*GOAL OF THE EXERCISE*. The records that follow are to be transcribed exactly.

*SOURCE INFORMATION*.
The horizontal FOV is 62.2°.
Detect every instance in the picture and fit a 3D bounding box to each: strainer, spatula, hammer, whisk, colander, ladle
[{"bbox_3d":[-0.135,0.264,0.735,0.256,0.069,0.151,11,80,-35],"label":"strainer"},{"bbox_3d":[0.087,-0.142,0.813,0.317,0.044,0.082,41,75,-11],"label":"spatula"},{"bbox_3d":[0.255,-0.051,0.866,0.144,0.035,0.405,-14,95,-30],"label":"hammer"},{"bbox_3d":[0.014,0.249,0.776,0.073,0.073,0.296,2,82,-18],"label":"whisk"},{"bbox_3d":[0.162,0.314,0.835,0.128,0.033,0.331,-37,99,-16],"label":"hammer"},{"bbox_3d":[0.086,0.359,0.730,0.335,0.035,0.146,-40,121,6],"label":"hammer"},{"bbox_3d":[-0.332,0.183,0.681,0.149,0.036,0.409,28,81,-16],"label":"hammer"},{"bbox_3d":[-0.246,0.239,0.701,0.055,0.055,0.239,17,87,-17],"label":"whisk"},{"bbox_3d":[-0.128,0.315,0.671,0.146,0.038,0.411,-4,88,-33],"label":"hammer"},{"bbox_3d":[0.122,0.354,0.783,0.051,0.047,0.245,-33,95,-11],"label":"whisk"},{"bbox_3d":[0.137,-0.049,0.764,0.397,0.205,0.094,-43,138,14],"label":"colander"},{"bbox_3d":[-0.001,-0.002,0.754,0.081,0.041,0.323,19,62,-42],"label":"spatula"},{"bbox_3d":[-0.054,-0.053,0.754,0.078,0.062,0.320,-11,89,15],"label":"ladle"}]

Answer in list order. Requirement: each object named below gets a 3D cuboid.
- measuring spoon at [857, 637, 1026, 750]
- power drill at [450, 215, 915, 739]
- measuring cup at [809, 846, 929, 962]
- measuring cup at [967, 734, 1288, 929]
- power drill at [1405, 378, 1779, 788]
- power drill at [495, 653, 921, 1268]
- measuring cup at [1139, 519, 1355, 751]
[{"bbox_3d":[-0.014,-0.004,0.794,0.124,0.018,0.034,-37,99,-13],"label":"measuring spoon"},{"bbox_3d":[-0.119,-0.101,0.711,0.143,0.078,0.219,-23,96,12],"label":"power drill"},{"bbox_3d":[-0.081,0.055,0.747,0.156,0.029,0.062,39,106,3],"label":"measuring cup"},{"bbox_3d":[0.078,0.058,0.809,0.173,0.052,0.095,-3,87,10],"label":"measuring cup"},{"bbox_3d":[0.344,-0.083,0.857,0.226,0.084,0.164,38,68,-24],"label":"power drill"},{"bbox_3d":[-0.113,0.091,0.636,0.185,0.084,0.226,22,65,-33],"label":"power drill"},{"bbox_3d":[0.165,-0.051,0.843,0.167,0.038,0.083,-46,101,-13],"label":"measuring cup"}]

*YOUR SOLUTION*.
The horizontal FOV is 62.2°.
Detect every instance in the picture and fit a 3D bounding box to each: strainer, spatula, hammer, whisk, colander, ladle
[{"bbox_3d":[-0.135,0.264,0.735,0.256,0.069,0.151,11,80,-35],"label":"strainer"},{"bbox_3d":[0.087,-0.142,0.813,0.317,0.044,0.082,41,75,-11],"label":"spatula"},{"bbox_3d":[0.255,-0.051,0.866,0.144,0.035,0.405,-14,95,-30],"label":"hammer"},{"bbox_3d":[0.014,0.249,0.776,0.073,0.073,0.296,2,82,-18],"label":"whisk"},{"bbox_3d":[0.162,0.314,0.835,0.128,0.033,0.331,-37,99,-16],"label":"hammer"},{"bbox_3d":[0.086,0.359,0.730,0.335,0.035,0.146,-40,121,6],"label":"hammer"},{"bbox_3d":[-0.332,0.183,0.681,0.149,0.036,0.409,28,81,-16],"label":"hammer"},{"bbox_3d":[-0.246,0.239,0.701,0.055,0.055,0.239,17,87,-17],"label":"whisk"},{"bbox_3d":[-0.128,0.315,0.671,0.146,0.038,0.411,-4,88,-33],"label":"hammer"},{"bbox_3d":[0.122,0.354,0.783,0.051,0.047,0.245,-33,95,-11],"label":"whisk"},{"bbox_3d":[0.137,-0.049,0.764,0.397,0.205,0.094,-43,138,14],"label":"colander"},{"bbox_3d":[-0.001,-0.002,0.754,0.081,0.041,0.323,19,62,-42],"label":"spatula"},{"bbox_3d":[-0.054,-0.053,0.754,0.078,0.062,0.320,-11,89,15],"label":"ladle"}]

Answer in list order. Requirement: each object named below gets a 3D cuboid.
- measuring spoon at [857, 637, 1026, 750]
- power drill at [450, 215, 915, 739]
- measuring cup at [809, 846, 929, 962]
- measuring cup at [967, 734, 1288, 929]
- power drill at [1405, 378, 1779, 788]
- power drill at [495, 653, 921, 1268]
- measuring cup at [1139, 519, 1355, 751]
[{"bbox_3d":[-0.014,-0.004,0.794,0.124,0.018,0.034,-37,99,-13],"label":"measuring spoon"},{"bbox_3d":[-0.119,-0.101,0.711,0.143,0.078,0.219,-23,96,12],"label":"power drill"},{"bbox_3d":[-0.081,0.055,0.747,0.156,0.029,0.062,39,106,3],"label":"measuring cup"},{"bbox_3d":[0.078,0.058,0.809,0.173,0.052,0.095,-3,87,10],"label":"measuring cup"},{"bbox_3d":[0.344,-0.083,0.857,0.226,0.084,0.164,38,68,-24],"label":"power drill"},{"bbox_3d":[-0.113,0.091,0.636,0.185,0.084,0.226,22,65,-33],"label":"power drill"},{"bbox_3d":[0.165,-0.051,0.843,0.167,0.038,0.083,-46,101,-13],"label":"measuring cup"}]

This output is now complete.